After smoke from burning biomass is emitted into the atmosphere, chemical and physical processes change the composition and amount of organic aerosol present in the aged, diluted plume. During the fourth Fire Lab at Missoula Experiment, we performed smog-chamber experiments to investigate formation of secondary organic aerosol (SOA) and multiphase oxidation of primary organic aerosol (POA). We simulated atmospheric aging of diluted smoke from a variety of biomass fuels while measuring particle composition using high-resolution aerosol mass spectrometry. We quantified SOA formation using a tracer ion for low-volatility POA as a reference standard (akin to a naturally occurring internal standard).

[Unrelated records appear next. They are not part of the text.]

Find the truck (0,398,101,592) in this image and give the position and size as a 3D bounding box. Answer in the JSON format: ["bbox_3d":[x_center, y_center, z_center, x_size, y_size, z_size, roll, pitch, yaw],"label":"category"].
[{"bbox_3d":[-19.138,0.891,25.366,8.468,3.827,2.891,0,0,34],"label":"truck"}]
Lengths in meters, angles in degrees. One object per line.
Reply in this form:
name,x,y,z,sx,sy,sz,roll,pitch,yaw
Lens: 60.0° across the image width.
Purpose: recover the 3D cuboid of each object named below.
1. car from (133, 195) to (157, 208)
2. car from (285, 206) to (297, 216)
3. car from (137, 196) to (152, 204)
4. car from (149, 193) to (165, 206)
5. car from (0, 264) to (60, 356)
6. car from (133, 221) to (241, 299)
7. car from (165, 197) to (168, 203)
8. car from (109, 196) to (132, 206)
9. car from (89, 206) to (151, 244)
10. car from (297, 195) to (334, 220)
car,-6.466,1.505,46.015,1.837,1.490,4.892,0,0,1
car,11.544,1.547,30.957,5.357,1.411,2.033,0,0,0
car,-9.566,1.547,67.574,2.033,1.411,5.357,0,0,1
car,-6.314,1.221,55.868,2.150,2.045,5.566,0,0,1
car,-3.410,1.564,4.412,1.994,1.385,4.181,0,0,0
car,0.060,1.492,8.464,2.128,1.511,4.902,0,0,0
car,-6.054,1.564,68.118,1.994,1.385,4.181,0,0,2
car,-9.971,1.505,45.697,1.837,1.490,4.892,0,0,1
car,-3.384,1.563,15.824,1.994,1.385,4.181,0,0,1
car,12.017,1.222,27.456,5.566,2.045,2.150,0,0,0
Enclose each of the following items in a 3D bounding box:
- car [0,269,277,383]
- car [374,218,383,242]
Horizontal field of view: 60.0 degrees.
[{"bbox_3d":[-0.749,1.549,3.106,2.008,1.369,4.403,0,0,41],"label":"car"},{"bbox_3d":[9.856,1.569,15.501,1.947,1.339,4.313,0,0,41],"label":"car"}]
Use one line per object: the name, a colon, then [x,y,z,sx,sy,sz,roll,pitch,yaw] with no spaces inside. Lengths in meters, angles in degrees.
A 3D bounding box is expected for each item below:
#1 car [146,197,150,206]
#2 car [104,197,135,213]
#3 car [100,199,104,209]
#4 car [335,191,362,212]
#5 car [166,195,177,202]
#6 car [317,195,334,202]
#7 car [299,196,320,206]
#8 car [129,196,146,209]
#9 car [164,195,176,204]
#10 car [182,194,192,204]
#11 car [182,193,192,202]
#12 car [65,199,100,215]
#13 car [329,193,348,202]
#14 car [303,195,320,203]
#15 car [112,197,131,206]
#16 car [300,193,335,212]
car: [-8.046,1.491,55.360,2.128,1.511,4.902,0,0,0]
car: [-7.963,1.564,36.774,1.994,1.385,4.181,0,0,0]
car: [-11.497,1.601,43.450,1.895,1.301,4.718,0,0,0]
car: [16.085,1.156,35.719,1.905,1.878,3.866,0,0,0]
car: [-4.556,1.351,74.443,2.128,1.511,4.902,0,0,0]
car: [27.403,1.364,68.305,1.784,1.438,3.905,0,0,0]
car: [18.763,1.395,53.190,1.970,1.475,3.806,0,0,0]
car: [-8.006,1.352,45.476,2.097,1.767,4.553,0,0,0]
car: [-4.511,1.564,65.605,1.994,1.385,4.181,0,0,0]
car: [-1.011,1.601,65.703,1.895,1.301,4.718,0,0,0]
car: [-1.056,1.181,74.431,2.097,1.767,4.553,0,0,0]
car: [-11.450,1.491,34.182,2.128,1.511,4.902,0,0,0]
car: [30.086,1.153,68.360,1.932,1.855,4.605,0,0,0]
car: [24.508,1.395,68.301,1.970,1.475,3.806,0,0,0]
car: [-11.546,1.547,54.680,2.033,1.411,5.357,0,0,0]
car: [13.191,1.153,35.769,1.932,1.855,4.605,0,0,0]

These smoke aging experiments revealed variable organic aerosol (OA) enhancements, even for smoke from similar fuels and aging mechanisms. This variable OA enhancement correlated well with measured differences in the amounts of emitted volatile organic compounds (VOCs) that could subsequently be oxidized to form SOA. For some aging experiments, we were able to predict the SOA production to within a factor of 2 using a fuel-specific VOC emission inventory that was scaled by burn-specific toluene measurements. For fires of coniferous fuels that were dominated by needle burning, volatile biogenic compounds were the dominant precursor class. For wiregrass fires, furans were the dominant SOA precursors. We used a POA tracer ion to calculate the amount of mass lost due to gas-phase oxidation and subsequent volatilization of semivolatile POA. Less than 5% of the POA mass was lost via multiphase oxidation-driven evaporation during up to 2hr of equivalent atmospheric oxidation. Plain Language Summary We measured aging of biomass-burning smoke at the Missoula Fire Laboratory. The smoke was from various fuels containing green foliage as well as some grasses. We observed significant changes in the mass spectra from the particles, and were also in many cases able to describe formation of additional (secondary) mass to within about a factor of 2 based on measured emissions of volatile organic compounds. However, we show that the amount of secondary mass depends heavily on the type of biomass fuel (green foliated branches vs dried firewood vs grasses, etc).